WARNING: No swap limit support
WARNING: No kernel memory limit support


Client:
 Version:           18.06.1-ce
 API version:       1.38
 Go version:        go1.10.7
 Git commit:        e68fc7a215d7
 Built:             Wed Dec 19 10:23:04 2018
 OS/Arch:           linux/amd64
 Experimental:      false

Server:
 Engine:
  Version:          18.06.1-ce
  API version:      1.38 (minimum version 1.12)
  Go version:       go1.10.7
  Git commit:       e68fc7a215d7
  Built:            Tue Aug 21 17:16:31 2018
  OS/Arch:          linux/amd64
  Experimental:     false

docker service logs stops complete on ~$ docker version Client: Version: 18.09.3 API version: 1.39 Go version: go1.10.8 Git commit: 774a1f4 Built: Thu Feb 28 06:40:58 2019 OS/Arch: linux/amd64 Experimental: false

Server: Docker Engine - Community Engine: Version: 18.09.3 API version: 1.39 (minimum version 1.12) Go version: go1.10.8 Git commit: 774a1f4 Built: Thu Feb 28 05:59:55 2019 OS/Arch: linux/amd64 Experimental: false

This seems to be a problem for me now and none of the above seems to help 😕

@wayne-o We had to remove node by node as swarm manager and re-elect them again to managers.

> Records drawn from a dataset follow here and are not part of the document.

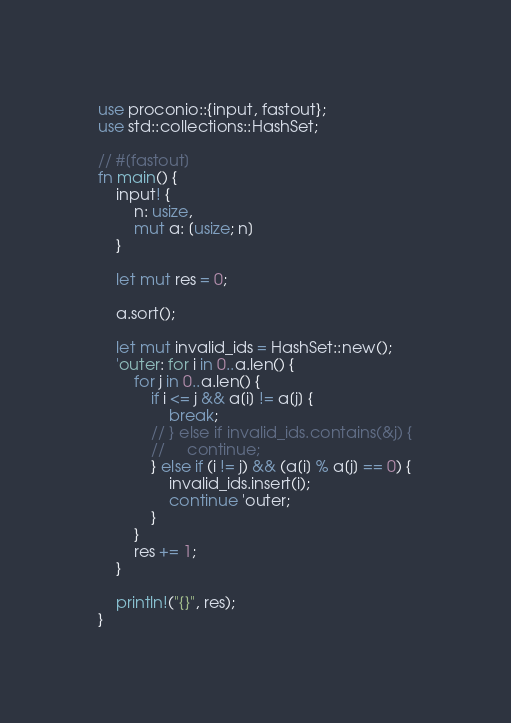<code> <loc_0><loc_0><loc_500><loc_500><_Rust_>use proconio::{input, fastout};
use std::collections::HashSet;

// #[fastout]
fn main() {
    input! {
        n: usize,
        mut a: [usize; n]
    }

    let mut res = 0;

    a.sort();

    let mut invalid_ids = HashSet::new();
    'outer: for i in 0..a.len() {
        for j in 0..a.len() {
            if i <= j && a[i] != a[j] {
                break;
            // } else if invalid_ids.contains(&j) {
            //     continue;
            } else if (i != j) && (a[i] % a[j] == 0) {
                invalid_ids.insert(i);
                continue 'outer;
            }
        }
        res += 1;
    }

    println!("{}", res);
}
</code> 
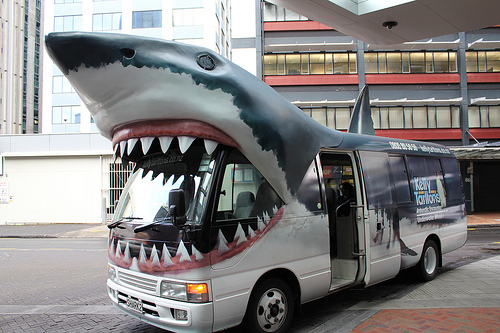<image>
Is there a shark in the bus? No. The shark is not contained within the bus. These objects have a different spatial relationship. 
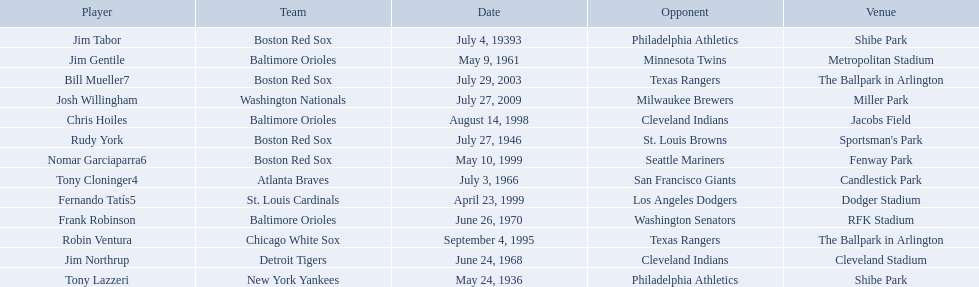What are the dates? May 24, 1936, July 4, 19393, July 27, 1946, May 9, 1961, July 3, 1966, June 24, 1968, June 26, 1970, September 4, 1995, August 14, 1998, April 23, 1999, May 10, 1999, July 29, 2003, July 27, 2009. Which date is in 1936? May 24, 1936. What player is listed for this date? Tony Lazzeri. 
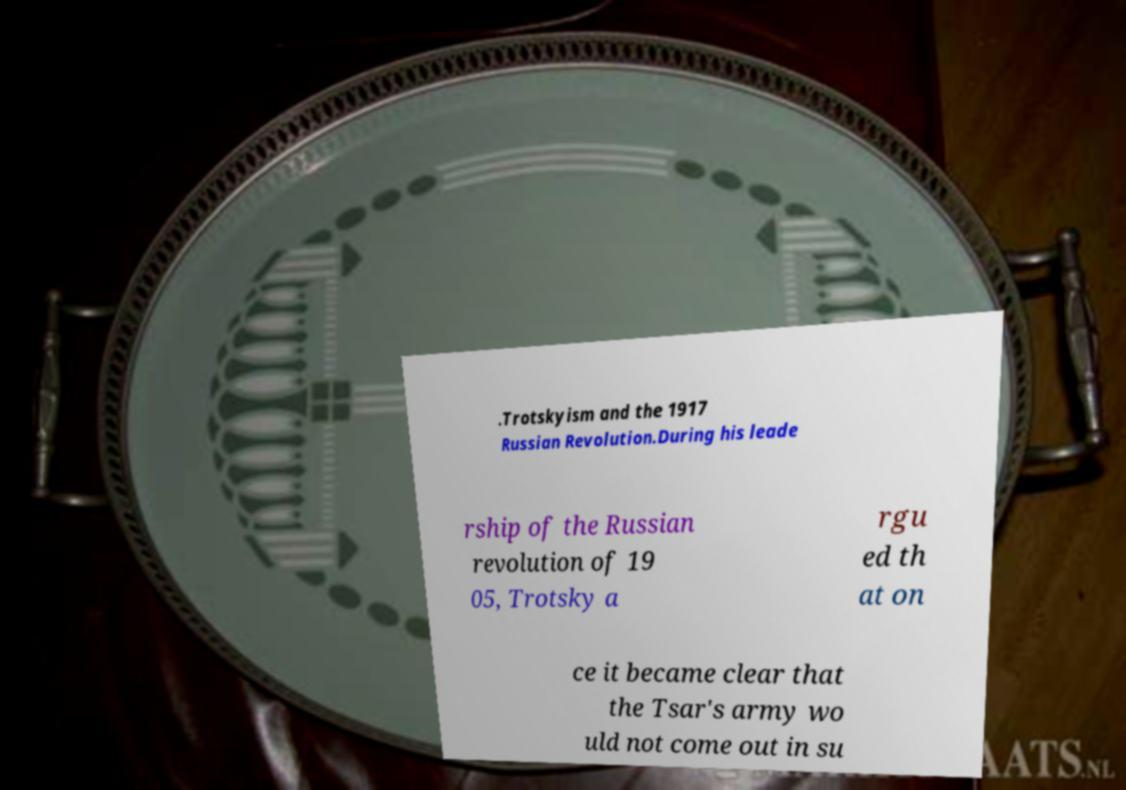There's text embedded in this image that I need extracted. Can you transcribe it verbatim? .Trotskyism and the 1917 Russian Revolution.During his leade rship of the Russian revolution of 19 05, Trotsky a rgu ed th at on ce it became clear that the Tsar's army wo uld not come out in su 
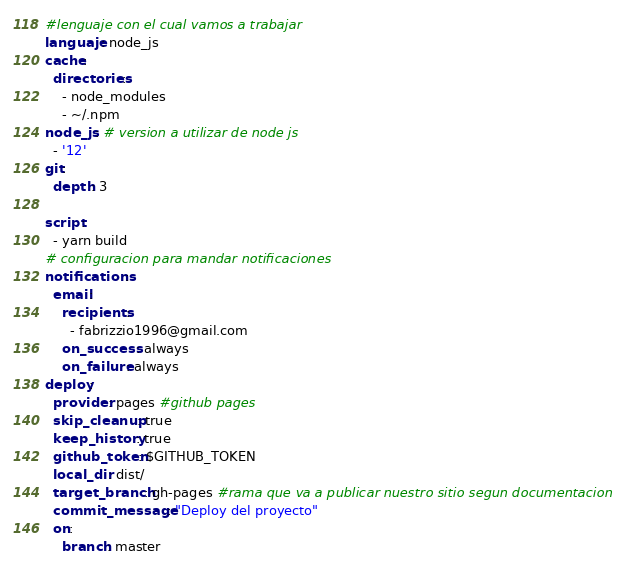<code> <loc_0><loc_0><loc_500><loc_500><_YAML_>#lenguaje con el cual vamos a trabajar
languaje: node_js
cache:
  directories:
    - node_modules
    - ~/.npm
node_js: # version a utilizar de node js
  - '12' 
git:
  depth: 3

script:
  - yarn build
# configuracion para mandar notificaciones
notifications:
  email:
    recipients:
      - fabrizzio1996@gmail.com
    on_success: always
    on_failure: always  
deploy:
  provider: pages #github pages
  skip_cleanup: true
  keep_history: true
  github_token: $GITHUB_TOKEN
  local_dir: dist/
  target_branch: gh-pages #rama que va a publicar nuestro sitio segun documentacion
  commit_message: "Deploy del proyecto"
  on:
    branch: master



</code> 
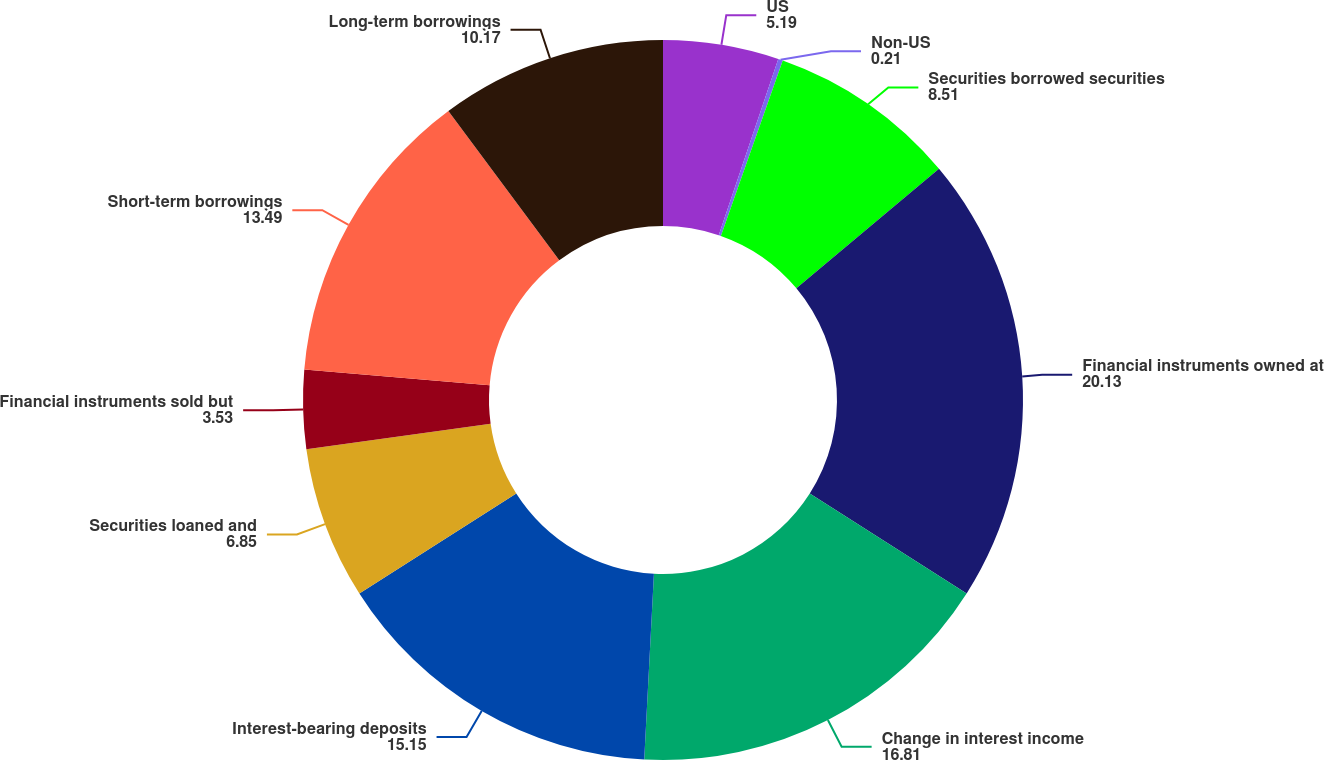Convert chart. <chart><loc_0><loc_0><loc_500><loc_500><pie_chart><fcel>US<fcel>Non-US<fcel>Securities borrowed securities<fcel>Financial instruments owned at<fcel>Change in interest income<fcel>Interest-bearing deposits<fcel>Securities loaned and<fcel>Financial instruments sold but<fcel>Short-term borrowings<fcel>Long-term borrowings<nl><fcel>5.19%<fcel>0.21%<fcel>8.51%<fcel>20.13%<fcel>16.81%<fcel>15.15%<fcel>6.85%<fcel>3.53%<fcel>13.49%<fcel>10.17%<nl></chart> 
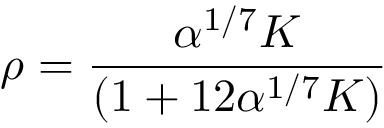<formula> <loc_0><loc_0><loc_500><loc_500>\rho = \frac { \alpha ^ { 1 / 7 } K } { ( 1 + 1 2 \alpha ^ { 1 / 7 } K ) }</formula> 
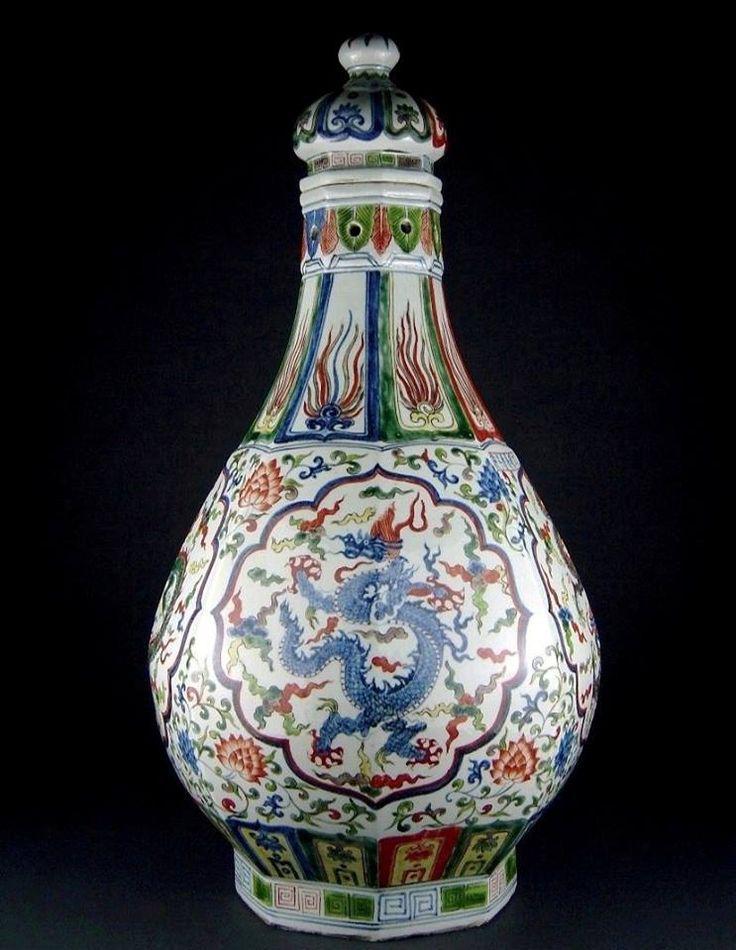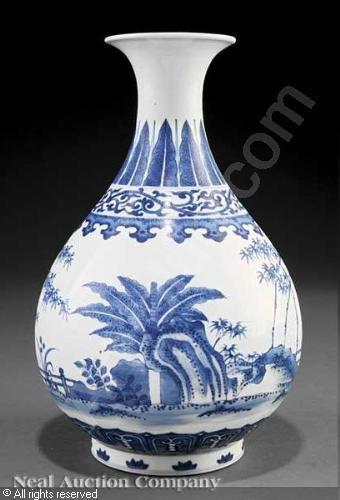The first image is the image on the left, the second image is the image on the right. Assess this claim about the two images: "The left image features a vase with a round midsection and a dragon depicted in blue on its front.". Correct or not? Answer yes or no. Yes. The first image is the image on the left, the second image is the image on the right. Examine the images to the left and right. Is the description "In the left image, the artwork appears to include a dragon." accurate? Answer yes or no. Yes. 
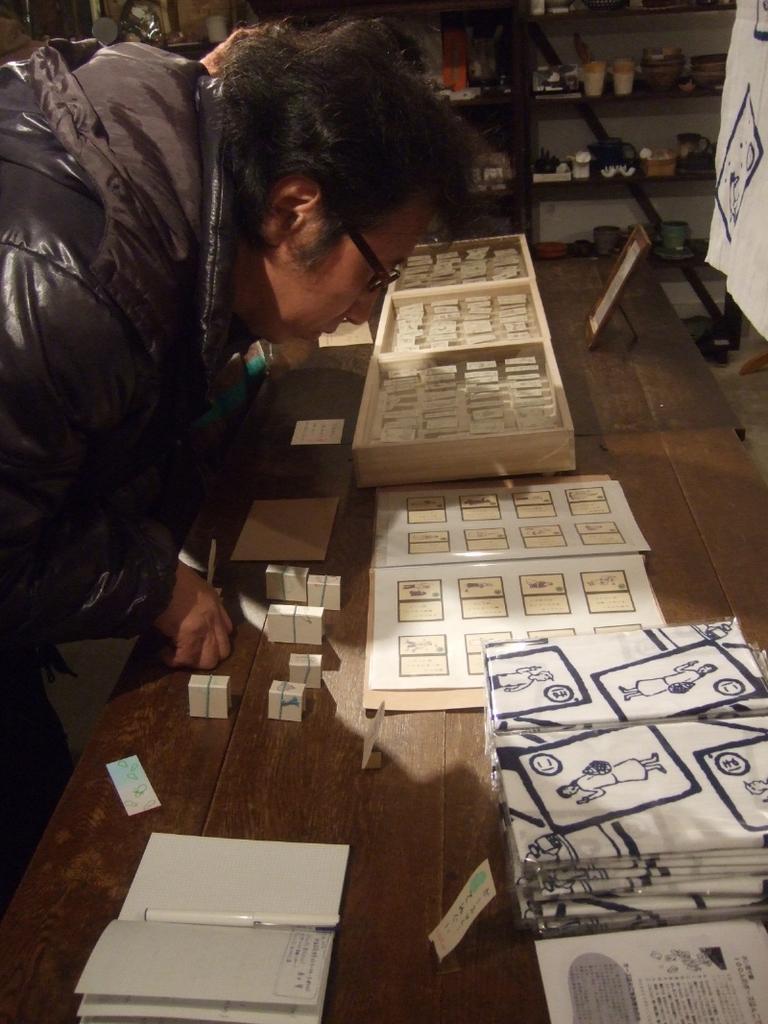Could you give a brief overview of what you see in this image? In this picture we can see a man, in front of him we can see tables, on these tables we can see some objects and in the background we can see racks and some objects. 
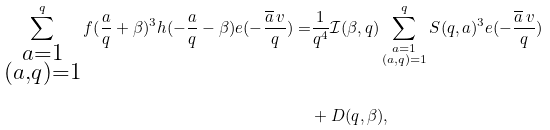<formula> <loc_0><loc_0><loc_500><loc_500>\sum _ { \substack { a = 1 \\ ( a , q ) = 1 } } ^ { q } f ( \frac { a } { q } + \beta ) ^ { 3 } h ( - \frac { a } { q } - \beta ) e ( - \frac { \overline { a } \, v } { q } ) = & \frac { 1 } { q ^ { 4 } } \mathcal { I } ( \beta , q ) \sum _ { \substack { a = 1 \\ ( a , q ) = 1 } } ^ { q } S ( q , a ) ^ { 3 } e ( - \frac { \overline { a } \, v } { q } ) \\ & + D ( q , \beta ) ,</formula>

Once all nodes had been through this, it started working again. Tried that as well? 😃

This is affecting us, as well, on 18.06.1-ce, build e68fc7a. I can tail the logs using the id which technically is good enough for us to limp along with.

@dperny Yes I will try to grab some logs today. Thanks for looking into this.